What you will do
Although the records contain pictures, print none of them; print exactly the lines from the one with "1. toaster: -0.807" through the last line.

Extracted records:
------------------------------------------------------------------------
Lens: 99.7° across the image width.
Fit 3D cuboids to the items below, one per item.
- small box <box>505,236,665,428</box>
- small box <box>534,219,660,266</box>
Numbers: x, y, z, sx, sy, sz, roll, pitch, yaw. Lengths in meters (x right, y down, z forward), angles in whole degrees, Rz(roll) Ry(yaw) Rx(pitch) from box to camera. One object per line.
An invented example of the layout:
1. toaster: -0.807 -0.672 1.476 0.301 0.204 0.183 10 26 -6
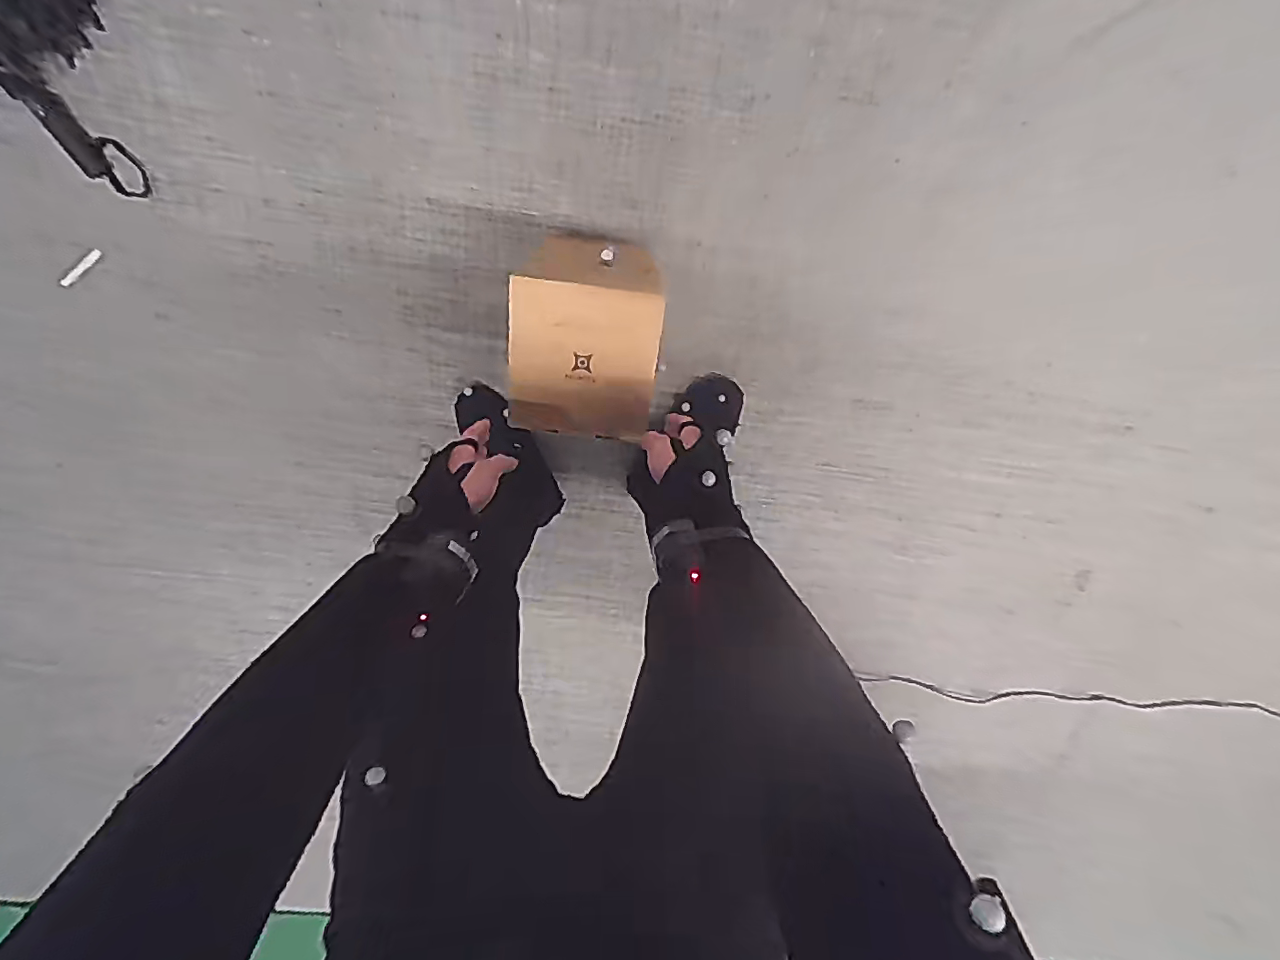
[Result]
------------------------------------------------------------------------
Your solution
1. toaster: -0.807 -0.672 1.476 0.301 0.204 0.183 10 26 -6
[Result]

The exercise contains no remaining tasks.